Aim of the exercise:
After locating the line that holds "Spec: emit one", copy that line and all that follow it word for word through the end of the data, with no pictures.

Supplied information:
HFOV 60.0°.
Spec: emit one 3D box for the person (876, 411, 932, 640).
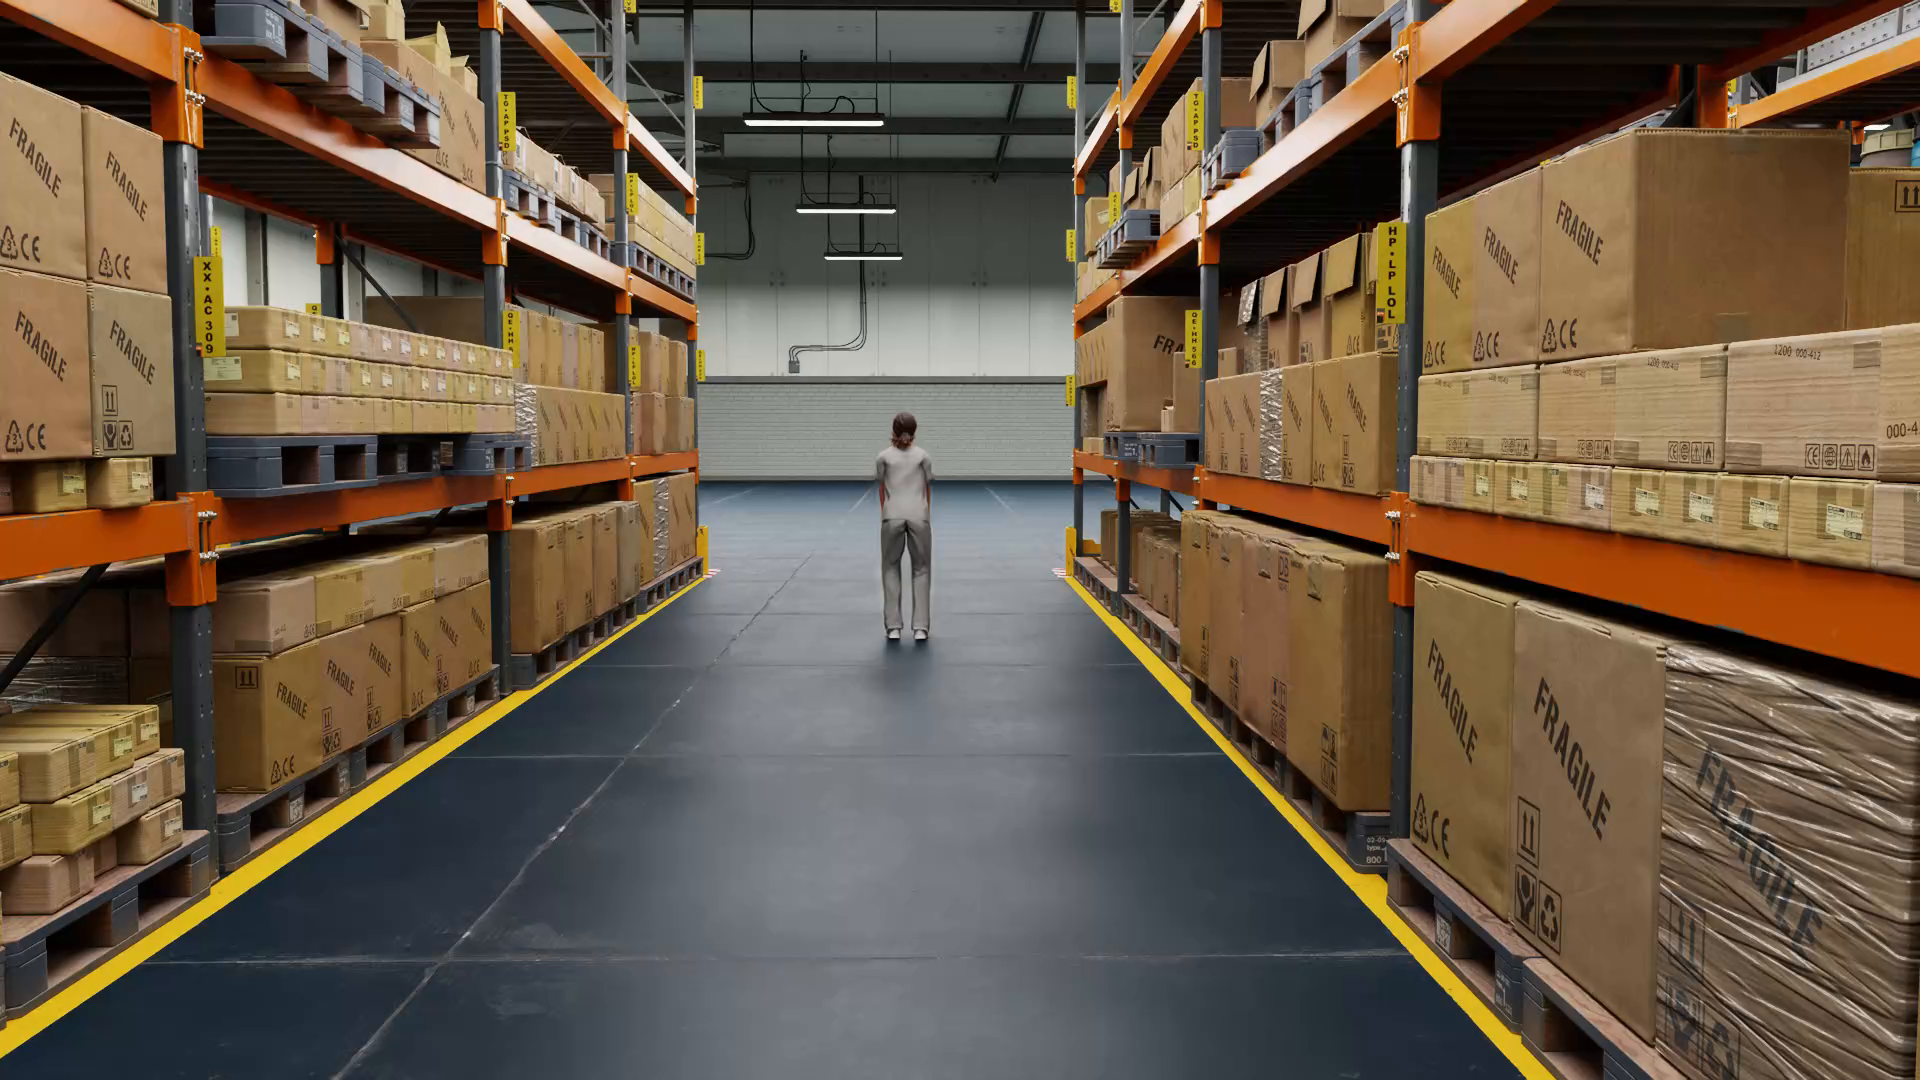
[{"bbox_3d":[-0.409,-0.109,12.206,0.411,1.666,0.504,0,4,-2],"label":"person"}]

Result of the exercise:
Spec: emit one 3D box for the person (876, 411, 932, 640).
[{"bbox_3d":[-0.409,-0.109,12.206,0.411,1.666,0.504,0,4,-2],"label":"person"}]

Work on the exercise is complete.